• **WHAT THE TASK REQUIRES**: Copy all records precisely, apart from the pictures.

• **Extracted records**:
········

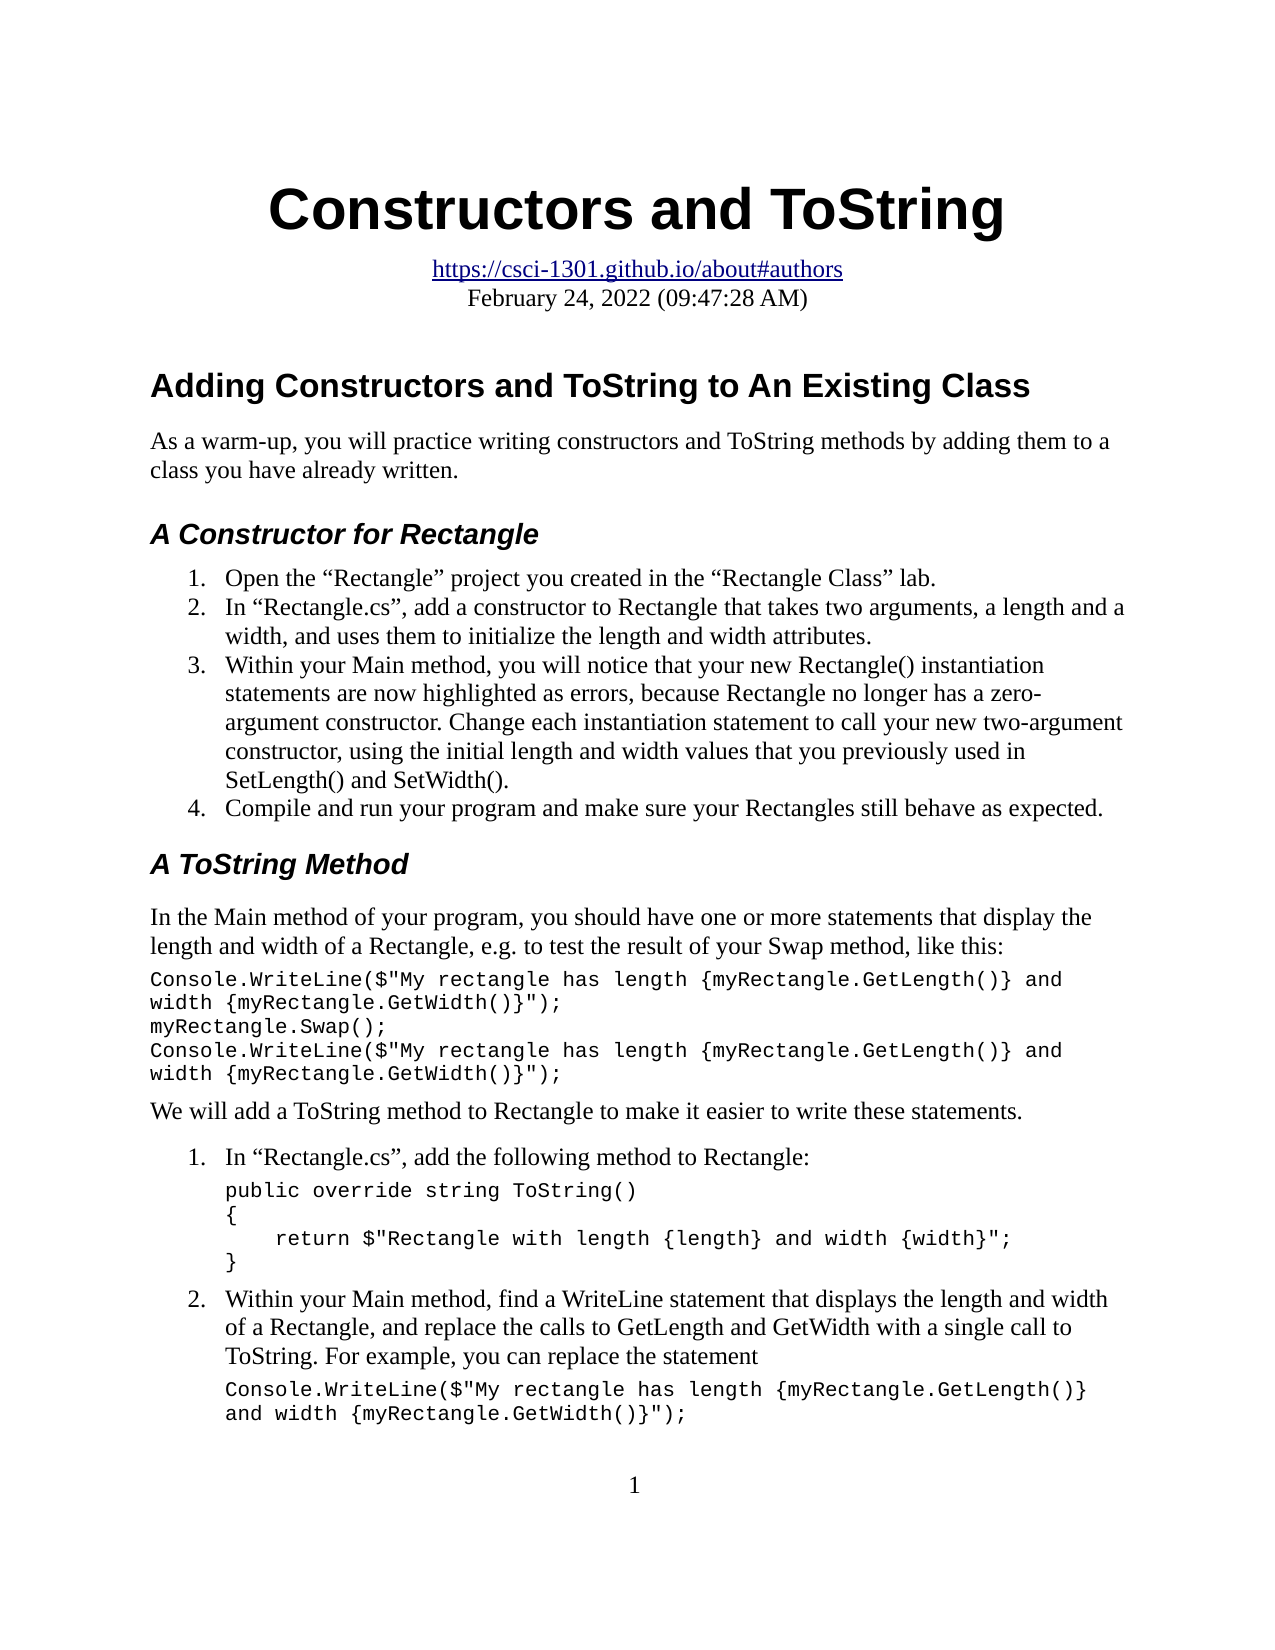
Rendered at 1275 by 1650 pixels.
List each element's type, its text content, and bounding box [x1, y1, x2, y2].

subtitle A Constructor for Rectangle [150, 517, 1125, 551]
list public override string ToString() [187, 1180, 1125, 1204]
list Compile and run your program and make sure your Rectangles still behave as expected. [187, 793, 1125, 822]
list Within your Main method, you will notice that your new Rectangle() instantiation statements are now highlighted as errors, because Rectangle no longer has a zero-argument constructor. Change each instantiation statement to call your new two-argument constructor, using the initial length and width values that you previously used in SetLength() and SetWidth(). [187, 650, 1125, 793]
list return $"Rectangle with length {length} and width {width}"; [187, 1227, 1125, 1251]
text In the Main method of your program, you should have one or more statements that display the length and width of a Rectangle, e.g. to test the result of your Swap method, like this: [150, 902, 1125, 960]
subtitle A ToString Method [150, 847, 1125, 881]
list In “Rectangle.cs”, add the following method to Rectangle: [187, 1142, 1125, 1171]
text myRectangle.Swap(); [150, 1016, 1125, 1039]
list In “Rectangle.cs”, add a constructor to Rectangle that takes two arguments, a length and a width, and uses them to initialize the length and width attributes. [187, 592, 1125, 650]
text February 24, 2022 (09:47:28 AM) [150, 283, 1125, 312]
text Console.WriteLine($"My rectangle has length {myRectangle.GetLength()} and width {myRectangle.GetWidth()}"); [150, 1039, 1125, 1087]
subtitle Adding Constructors and ToString to An Existing Class [150, 366, 1125, 404]
text Console.WriteLine($"My rectangle has length {myRectangle.GetLength()} and width {myRectangle.GetWidth()}"); [150, 969, 1125, 1016]
list } [187, 1251, 1125, 1275]
list Within your Main method, find a WriteLine statement that displays the length and width of a Rectangle, and replace the calls to GetLength and GetWidth with a single call to ToString. For example, you can replace the statement [187, 1284, 1125, 1370]
list { [187, 1204, 1125, 1227]
title Constructors and ToString [150, 175, 1125, 242]
list Open the “Rectangle” project you created in the “Rectangle Class” lab. [187, 563, 1125, 592]
text https://csci-1301.github.io/about#authors [150, 254, 1125, 283]
text We will add a ToString method to Rectangle to make it easier to write these statements. [150, 1096, 1125, 1124]
text As a warm-up, you will practice writing constructors and ToString methods by adding them to a class you have already written. [150, 426, 1125, 483]
list Console.WriteLine($"My rectangle has length {myRectangle.GetLength()} and width {myRectangle.GetWidth()}"); [187, 1379, 1125, 1426]

········

• **ANSWER SPACE**:
Rendered at 1275 by 1650 pixels.
List each element's type, its text content, and bounding box [x1, y1, x2, y2].

subtitle A Constructor for Rectangle [150, 517, 1125, 551]
list public override string ToString() [187, 1180, 1125, 1204]
list Compile and run your program and make sure your Rectangles still behave as expected. [187, 793, 1125, 822]
list Within your Main method, you will notice that your new Rectangle() instantiation statements are now highlighted as errors, because Rectangle no longer has a zero-argument constructor. Change each instantiation statement to call your new two-argument constructor, using the initial length and width values that you previously used in SetLength() and SetWidth(). [187, 650, 1125, 793]
list return $"Rectangle with length {length} and width {width}"; [187, 1227, 1125, 1251]
text In the Main method of your program, you should have one or more statements that display the length and width of a Rectangle, e.g. to test the result of your Swap method, like this: [150, 902, 1125, 960]
subtitle A ToString Method [150, 847, 1125, 881]
list In “Rectangle.cs”, add the following method to Rectangle: [187, 1142, 1125, 1171]
text myRectangle.Swap(); [150, 1016, 1125, 1039]
list In “Rectangle.cs”, add a constructor to Rectangle that takes two arguments, a length and a width, and uses them to initialize the length and width attributes. [187, 592, 1125, 650]
text February 24, 2022 (09:47:28 AM) [150, 283, 1125, 312]
text Console.WriteLine($"My rectangle has length {myRectangle.GetLength()} and width {myRectangle.GetWidth()}"); [150, 1039, 1125, 1087]
subtitle Adding Constructors and ToString to An Existing Class [150, 366, 1125, 404]
text Console.WriteLine($"My rectangle has length {myRectangle.GetLength()} and width {myRectangle.GetWidth()}"); [150, 969, 1125, 1016]
list } [187, 1251, 1125, 1275]
list Within your Main method, find a WriteLine statement that displays the length and width of a Rectangle, and replace the calls to GetLength and GetWidth with a single call to ToString. For example, you can replace the statement [187, 1284, 1125, 1370]
list { [187, 1204, 1125, 1227]
title Constructors and ToString [150, 175, 1125, 242]
list Open the “Rectangle” project you created in the “Rectangle Class” lab. [187, 563, 1125, 592]
text https://csci-1301.github.io/about#authors [150, 254, 1125, 283]
text We will add a ToString method to Rectangle to make it easier to write these statements. [150, 1096, 1125, 1124]
text As a warm-up, you will practice writing constructors and ToString methods by adding them to a class you have already written. [150, 426, 1125, 483]
list Console.WriteLine($"My rectangle has length {myRectangle.GetLength()} and width {myRectangle.GetWidth()}"); [187, 1379, 1125, 1426]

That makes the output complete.